Schizophrenia – 1968

I knew ONE person who had Schizophrenia. The elderly priest with whom I was staying said so. But I could No Appreciable difference between that man’s behaviour and mine. Nor was he different from a hundred others.

YEARS ago, (end of 1987) I had needed Expert and Instensive Counselling. My psychiatrist never told me that it was Depression. Anyway, I used to Cry and Weep, at what many would say the Drop of a hat. This was at the age of about 40! After my Ordination!

On the one hand I think the West is applying Medical labels too often, and too easily. And too many drugs are prescribed and used there. What a Difference from India! Here, They/We Accept many things, and take them in our Stride.

Am GLAD, Alaina, that You came out of this, and Witness to the fact that Others can too. Thanks for the Sharing.

Glad to know that Hannah Green herself came out of it, and wrote that Grand book. All Kudos.

Disagree with Alaina’s Mom that ‘schizophrenia has no known cause.’ With All Respect to Alaina’s Mom, Any companion who is Constantly Angry can cause/Or Hinder the Healing of… Severe Mental Illness, if not Schizophrenia.


  1. Good day Baba. WordPress wouldn’t let me reply to the comments you left on my photos for some reason so I will have to reply here. Thank you for your kind comments; I’m glad you enjoyed the scenery. 😀

    Liked by 1 person

  2. I agree whole-heartedly with what you have said: “…I think the West is applying Medical labels too often, and too easily. And too many drugs are prescribed and used there.”

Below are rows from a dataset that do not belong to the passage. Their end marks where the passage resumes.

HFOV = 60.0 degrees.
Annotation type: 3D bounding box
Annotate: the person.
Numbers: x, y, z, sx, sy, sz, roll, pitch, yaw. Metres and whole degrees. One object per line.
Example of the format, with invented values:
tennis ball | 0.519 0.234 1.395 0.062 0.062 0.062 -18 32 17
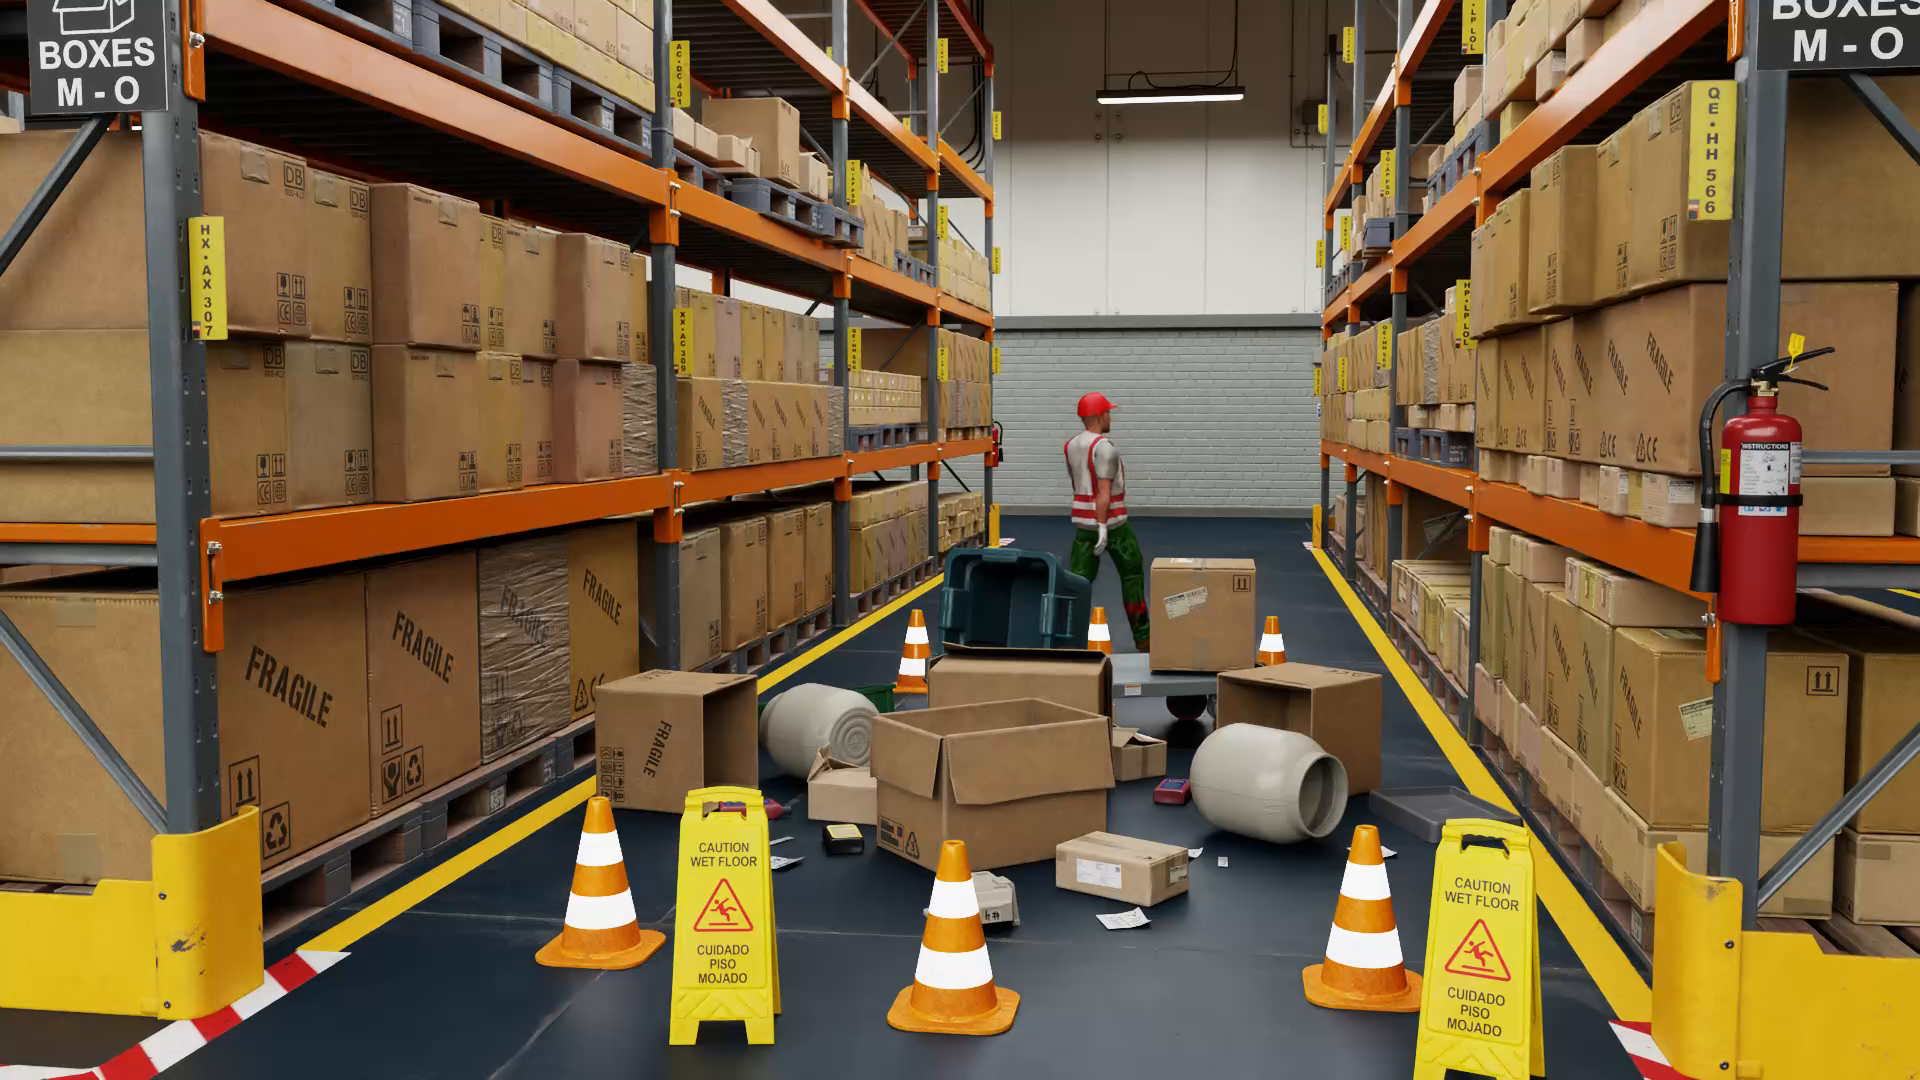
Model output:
person | 0.967 -0.118 11.193 1.040 1.746 0.536 -3 5 -36
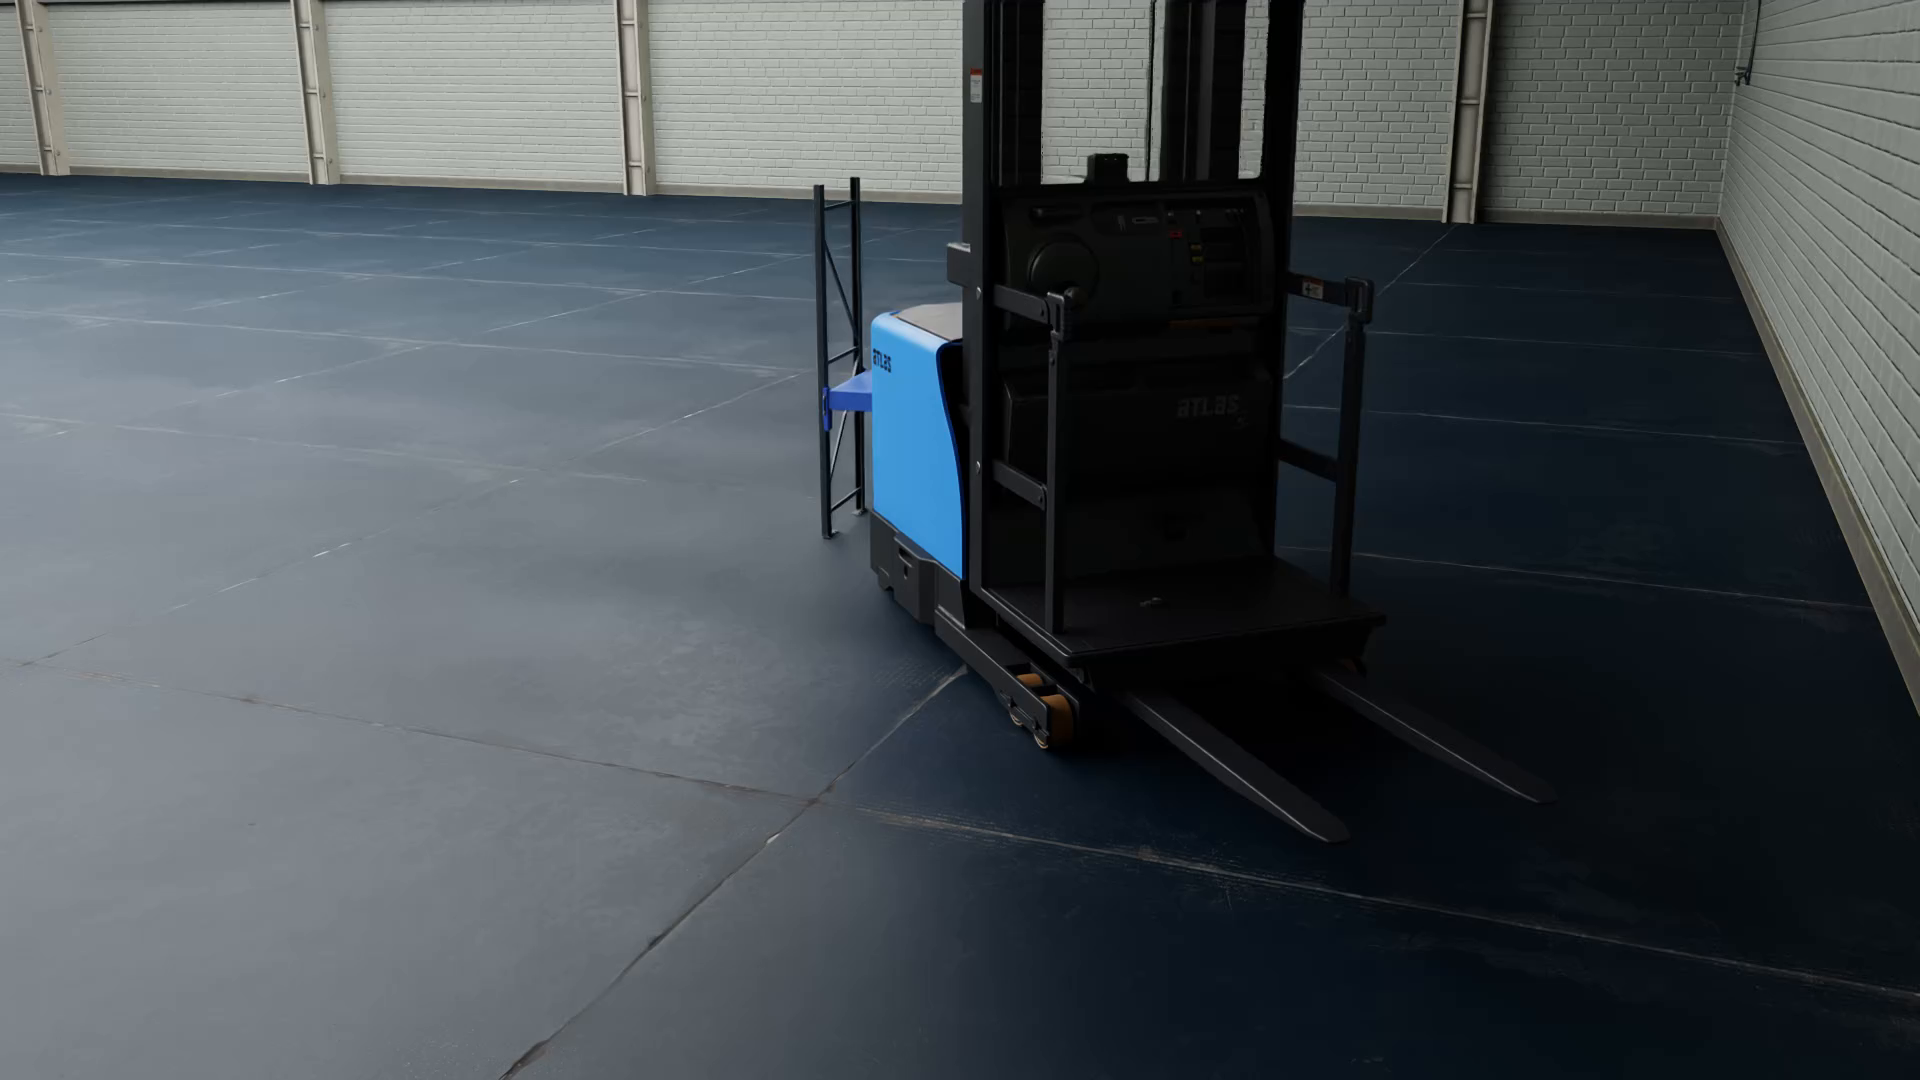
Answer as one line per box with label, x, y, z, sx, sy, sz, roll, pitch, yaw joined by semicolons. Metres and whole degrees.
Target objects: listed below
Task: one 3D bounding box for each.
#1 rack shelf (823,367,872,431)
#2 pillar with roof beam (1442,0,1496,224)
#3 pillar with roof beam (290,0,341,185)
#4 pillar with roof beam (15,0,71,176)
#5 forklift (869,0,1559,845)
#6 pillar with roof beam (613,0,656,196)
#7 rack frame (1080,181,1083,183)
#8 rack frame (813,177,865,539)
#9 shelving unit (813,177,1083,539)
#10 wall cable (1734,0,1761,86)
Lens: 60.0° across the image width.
rack shelf;-0.028;-0.584;7.141;1.000;0.185;0.538;4;17;15
pillar with roof beam;4.732;-7.224;15.918;0.400;9.000;9.100;6;17;21
pillar with roof beam;-12.013;-9.066;22.260;0.400;9.000;9.100;6;17;21
pillar with roof beam;-17.594;-9.679;24.374;0.400;9.000;9.100;6;17;21
forklift;0.645;-0.908;5.043;1.130;2.935;3.031;-6;17;-20
pillar with roof beam;-6.431;-8.452;20.146;0.400;9.000;9.100;6;17;21
rack frame;0.462;-0.719;6.960;0.032;1.500;0.500;4;17;15
rack frame;-0.518;-0.795;7.221;0.032;1.500;0.500;4;17;15
shelving unit;-0.028;-0.757;7.091;1.048;1.500;0.538;4;17;15
wall cable;8.567;-6.205;17.977;0.112;2.526;3.097;6;17;21
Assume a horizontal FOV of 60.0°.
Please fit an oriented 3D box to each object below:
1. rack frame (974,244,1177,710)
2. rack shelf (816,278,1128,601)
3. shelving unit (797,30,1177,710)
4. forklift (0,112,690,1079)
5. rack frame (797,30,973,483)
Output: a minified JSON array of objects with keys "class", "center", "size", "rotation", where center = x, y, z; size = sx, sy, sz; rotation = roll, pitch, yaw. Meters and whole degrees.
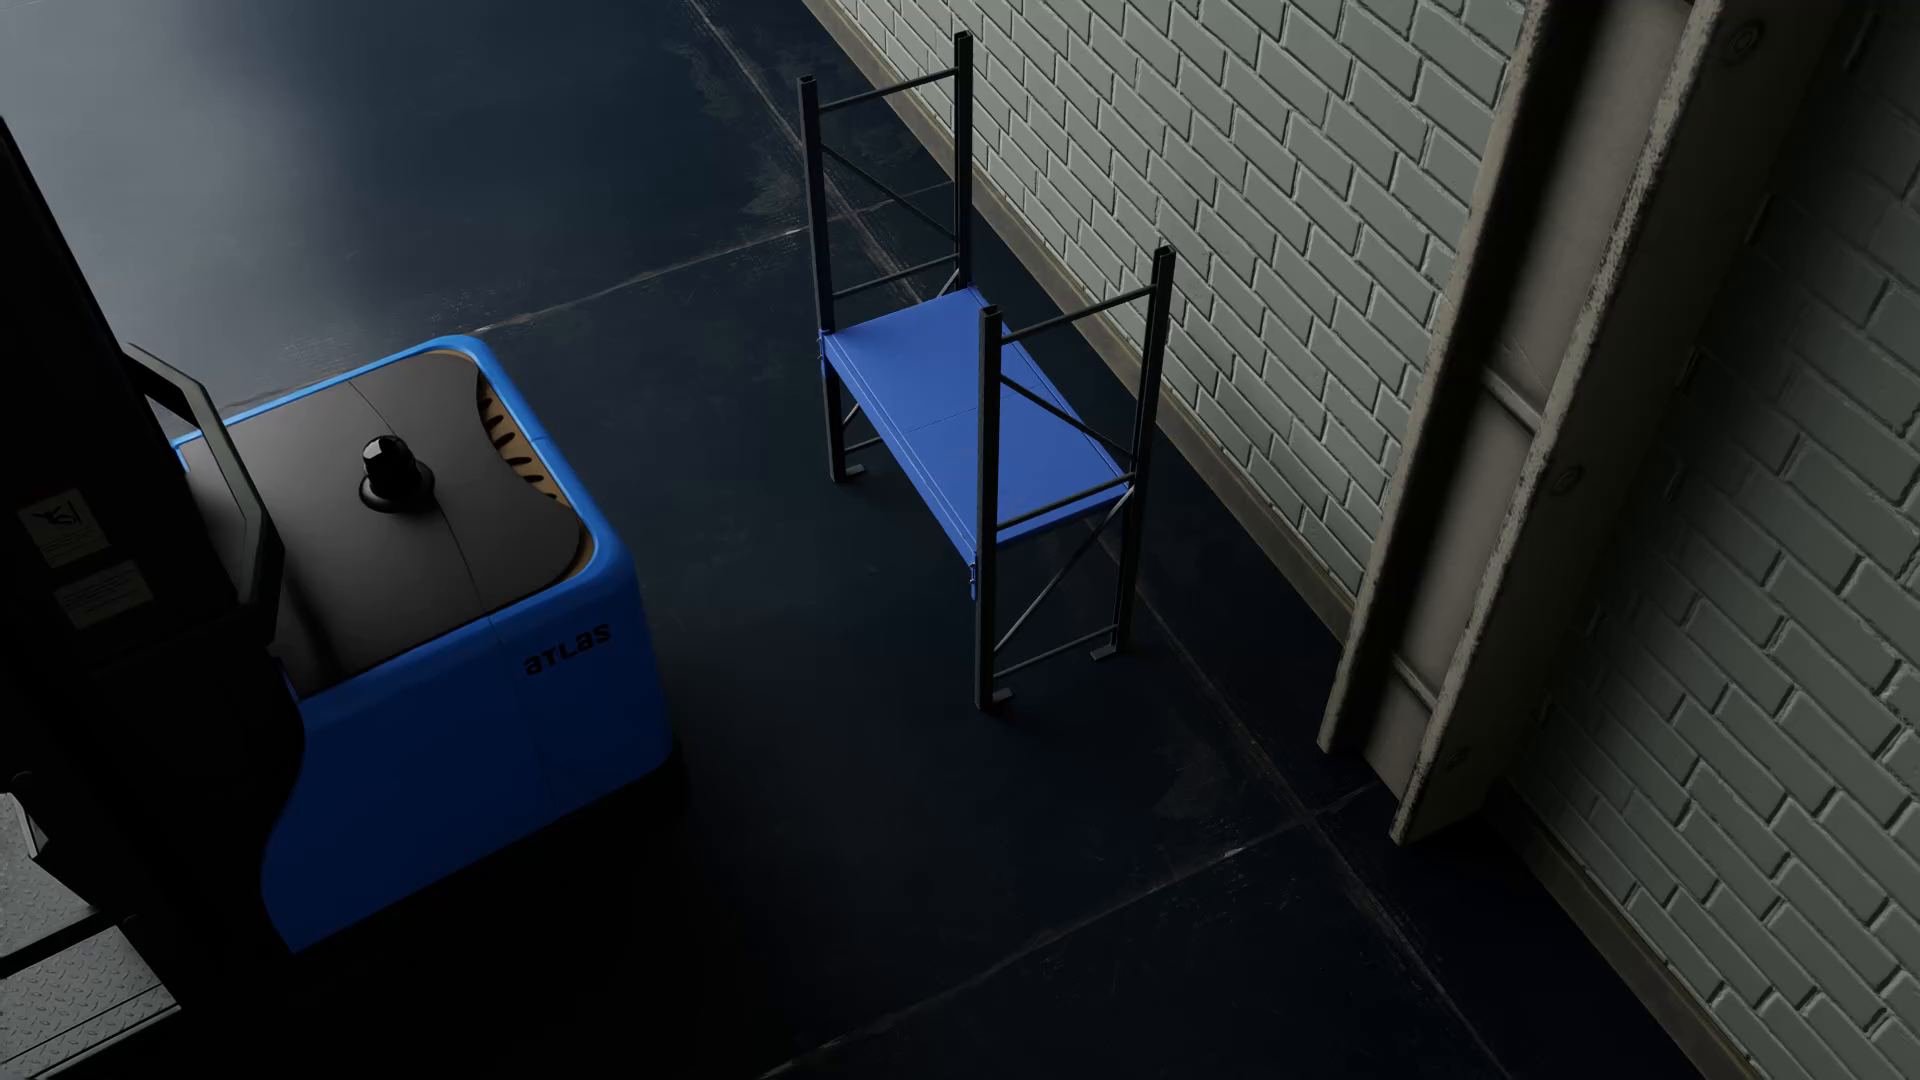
[{"class":"rack frame","center":[0.272,-0.096,4.338],"size":[0.500,1.500,0.032],"rotation":[-21,52,-18]},{"class":"rack shelf","center":[0.039,-0.318,4.771],"size":[0.538,0.185,1.000],"rotation":[-21,52,-18]},{"class":"shelving unit","center":[0.039,-0.437,4.636],"size":[0.538,1.500,1.048],"rotation":[-21,52,-18]},{"class":"forklift","center":[-2.253,0.094,3.221],"size":[3.031,2.935,1.130],"rotation":[-26,54,-21]},{"class":"rack frame","center":[-0.194,-0.777,4.933],"size":[0.500,1.500,0.032],"rotation":[-21,52,-18]}]
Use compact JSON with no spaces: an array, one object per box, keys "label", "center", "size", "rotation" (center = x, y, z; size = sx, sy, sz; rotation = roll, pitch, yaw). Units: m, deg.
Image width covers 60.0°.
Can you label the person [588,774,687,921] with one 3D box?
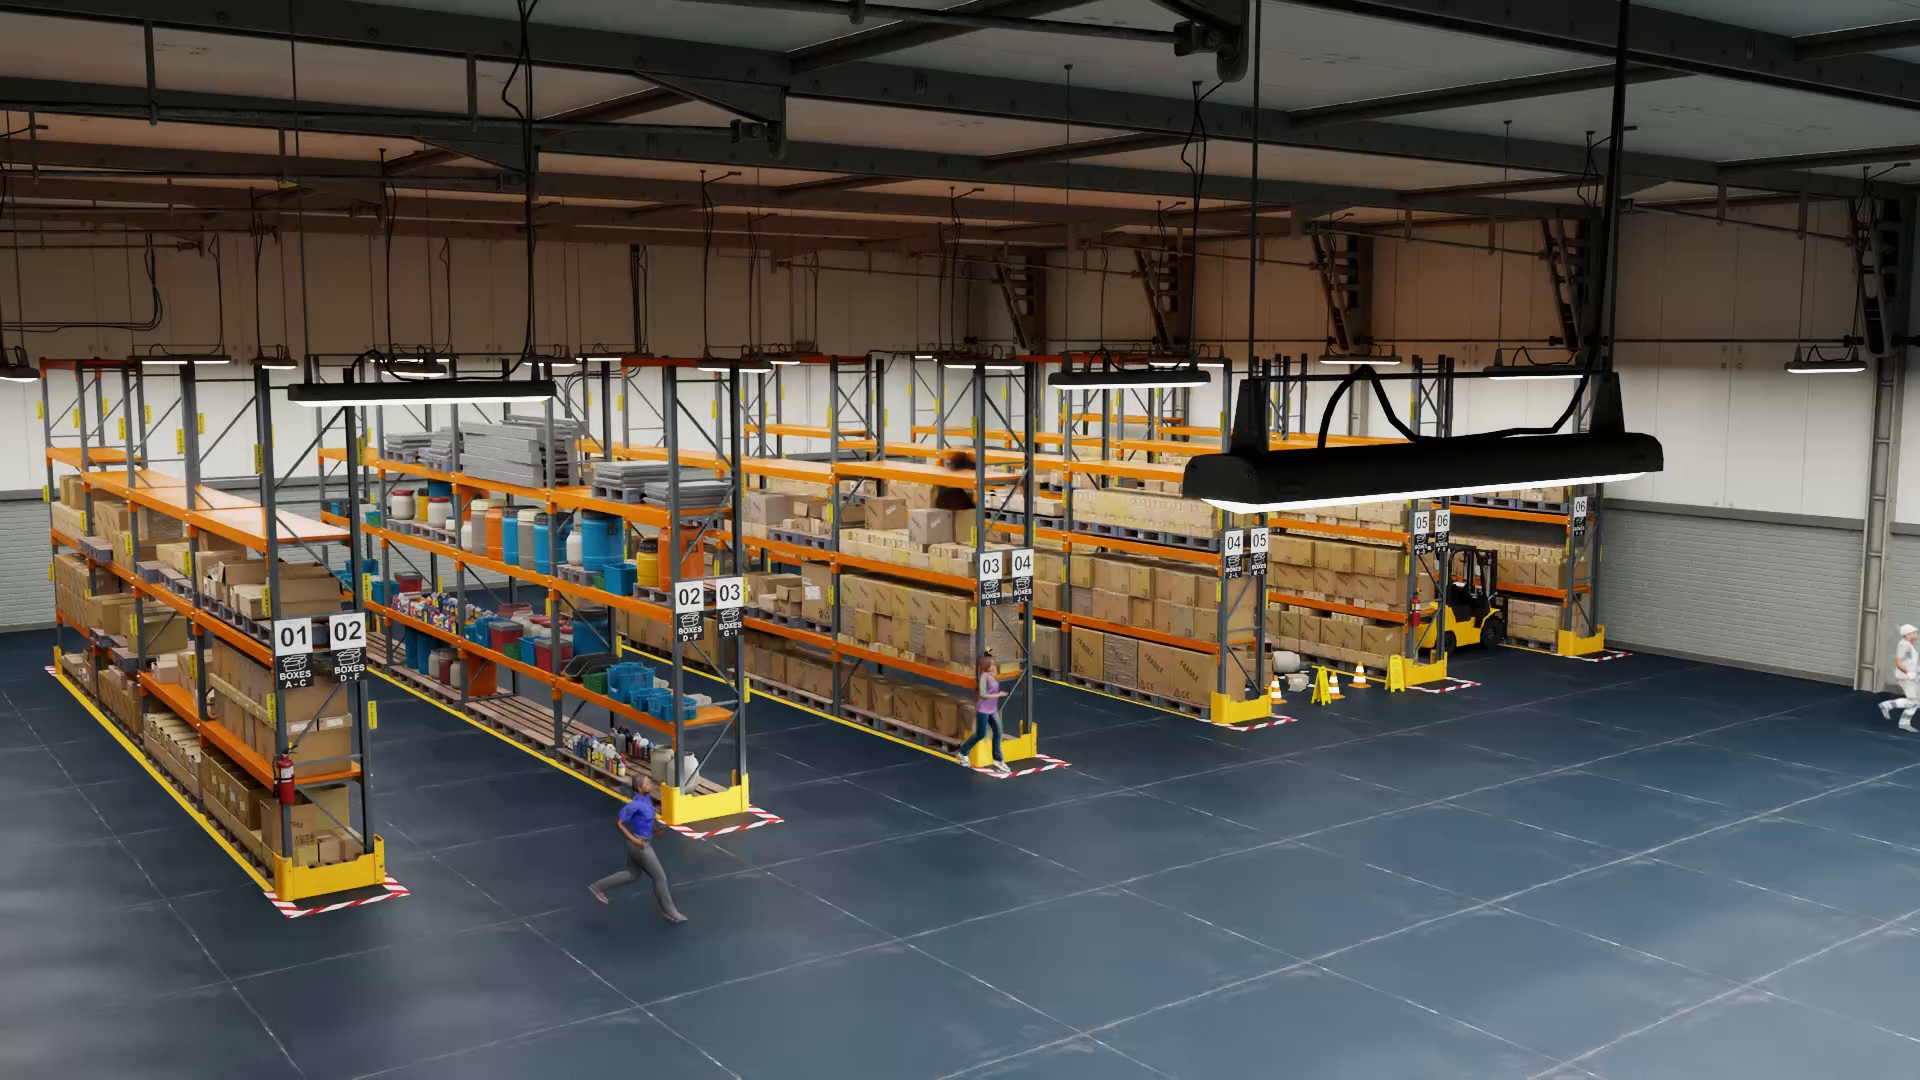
[{"label":"person","center":[-3.522,3.375,18.150],"size":[1.051,1.659,0.547],"rotation":[-1,7,-8]}]

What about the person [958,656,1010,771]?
[{"label":"person","center":[0.340,2.449,23.533],"size":[0.764,1.631,0.573],"rotation":[3,7,21]}]

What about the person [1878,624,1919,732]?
[{"label":"person","center":[15.337,2.236,27.077],"size":[0.611,1.752,0.670],"rotation":[4,8,31]}]

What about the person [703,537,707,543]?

    Yes, very true, in my opinion. I am so glad it is different in India. I believe that our minds can heal, but only with good care. Mind-numbing drugs and stigmatizing mental illness labels and locking people up who are no danger to anyone, is NOT good care.

    I am glad that you are better after your time of depression when you were in your 40s. I have battled depression too, a miserable thing to have. Now when I feel like I am in danger of becoming depressed, I jump up and go for a long fast walk. Or, if the weather is too bad to walk outdoors, I jump and run in place indoors on a small trampoline we have. Then I feel very happy, like a little child again. 🙂


    • Thank You Alaina, for Your response and Concern. My return to Normalcy was Entirely without Drugs. And let me give credit to my Psychiatrist, Dr. D’Netto of Pune. He was not only an expert, but also a Very Dear man, and Very Spiritual. He was one of the Editors of Charisindia.

      Six years ago I also suffered a heart attack. So No Fast walks for me. But I do walk, mostly in my little compound, which allows all of about 25 metres of walk! I try to walk 1 or 2 kilometres a day.

      And I really wonder whether running of walking fast is such a good idea.

      Hearty Regards again. 🙂


      • My best-friend-husband had 2 heart attacks 15 years ago, so he is also unable to walk very fast. When we walk together, if I too much energy, I sometimes walk very fast to the end of the block, then I rush back to him before he is half way down the block.

        Yes, running or walking fast may not be a good idea as we get older and our bodies are more prone to injury. However, I loved to RUN like a deer when I was a little girl. Although I am now a 61-year-old great-grandmother, I still enjoy the feeling of “flying” across the ground with the wind in my face.

        A few years ago I fell when I was walking very fast. I landed very hard on pavement, breaking 4 ribs and breaking my left wrist. The pain was terrible. I did not fully heal for almost a year. I also needed surgery to repair my broken wrist. So.. now I try to be more careful.

        I think the best way to heal from emotional difficulties is without drugs. Here in the USA people are often put on drugs at the first sign of sadness, even the normal sadness one feels when a dear loved one dies. My younger cousin was a nurse in a hospital, a brilliant, compassionate young woman. When her father died unexpectedly at the age of 66, my cousin’s doctor put her on an antidepressant drug. My cousin grew worse on the drug, not better. She did not live to see her 39th birthday.

        I still miss her every day. I blame the drug she was given for her tragic death.